Já cogitava se não devia ter contado aos amigos. Foda-se para o que eles iam pensar a princípio. Após as brincadeiras, eles seriam solidários. Diriam que ele tinha que ir a um médico, com certeza. Primeiro Amanda iria pirar, depois o arrastaria até o hospital. Sim, isso era o mais sensato a se fazer, mas ele estava se sentindo bem, não havia nada de errado até agora, então por que se preocupar? Seu pai também era assim. Ele cresceu ouvindo a mãe dizer que Alcino era uma mula, e que quando empacava, era preciso um guindaste para tirá-lo do lugar, principalmente com relação à saúde. Enquanto um braço ou perna não começasse a se desprender do corpo, ele não marcava uma consulta. No final, não fez diferença alguma, um check-up completo não teria salvado as suas vidas.

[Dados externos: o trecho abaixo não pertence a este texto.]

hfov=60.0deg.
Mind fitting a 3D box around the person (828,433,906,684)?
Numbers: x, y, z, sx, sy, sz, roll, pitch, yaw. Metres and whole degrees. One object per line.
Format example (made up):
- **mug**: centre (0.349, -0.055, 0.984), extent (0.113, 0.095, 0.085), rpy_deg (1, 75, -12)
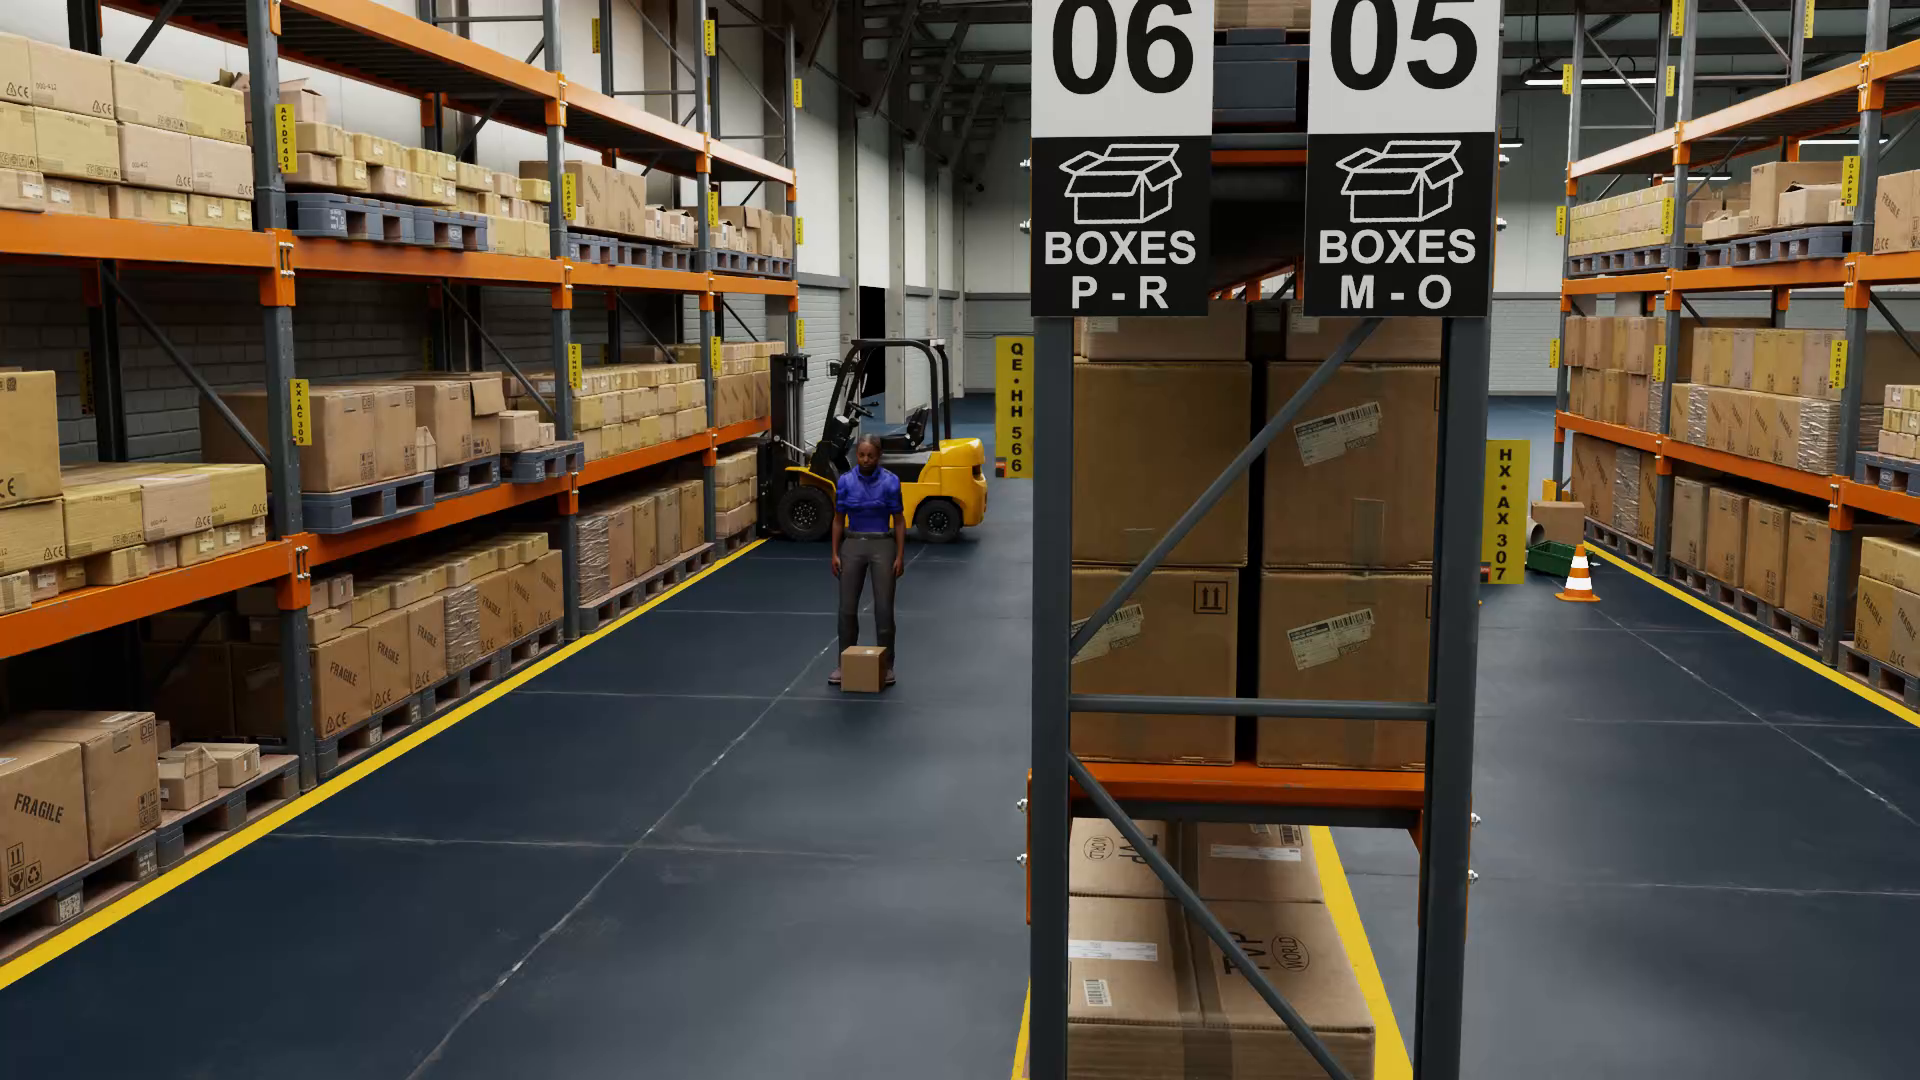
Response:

Com as memórias da família vivas na mente, Felipe começou a subir as ladeiras de seu bairro. As casas eram todas muito próximas ali, parede com parede. Cada vizinho sabia de tudo sobre a vida do morador ao lado. Era fácil ouvir as discussões, as frases prontas dos programas de TV, o tum tum tum das camas batendo quando o casal ao lado estava se esforçando para ter filhos. Tudo sempre alto e claro.
Felipe chegou à porta de casa, pegou as chaves no bolso, mas sua mão estava tão trêmula que deixou o molho cair. Assustado, olhou para os próprios dedos, que suavam a ponto de escorrer. Passou a mão na testa e constatou que o fenômeno se repetia ali. Sentia um enorme calor.
Após apanhar as chaves, abriu a porta com dificuldade e entrou na casa de sua avó, a quem ele chamava de Super T. Tereza tinha assumido a guarda de Felipe após o acidente. Ele sempre se lembrava de ouvi-la dizer que compartilhariam para sempre aquela dor, pois se ele vivenciava a incomensurável agonia de perder os pais, ela também era vítima do sacrilégio de ter que enterrar o próprio filho.
A sala da casa de Tereza recebia luz dos postes da rua, o que deixava o lugar com uma penumbra semiescurecida e permitia que Felipe conseguisse transitar por ali sem derrubar nada. Ele correu para a cozinha. O calor em seu peito aumentava e por um momento ele achou que iria pegar fogo e explodir, exatamente como acontecera com os celulares na floresta. Abriu a geladeira e pegou uma garrafa de água. Sorveu o líquido sofregamente, mas após o alívio inicial, o calor voltou ainda mais forte, fazendo-o tombar no chão e derrubar a garrafa de vidro, que se espatifou em dezenas de pequenos pedaços. Ele olhou ao redor, esperando que a avó surgisse no corredor lhe cobrando explicações, mas Tereza não apareceu. Felipe percebeu que tinha cortado o dedo e o sangue que escorria do machucado era negro como piche.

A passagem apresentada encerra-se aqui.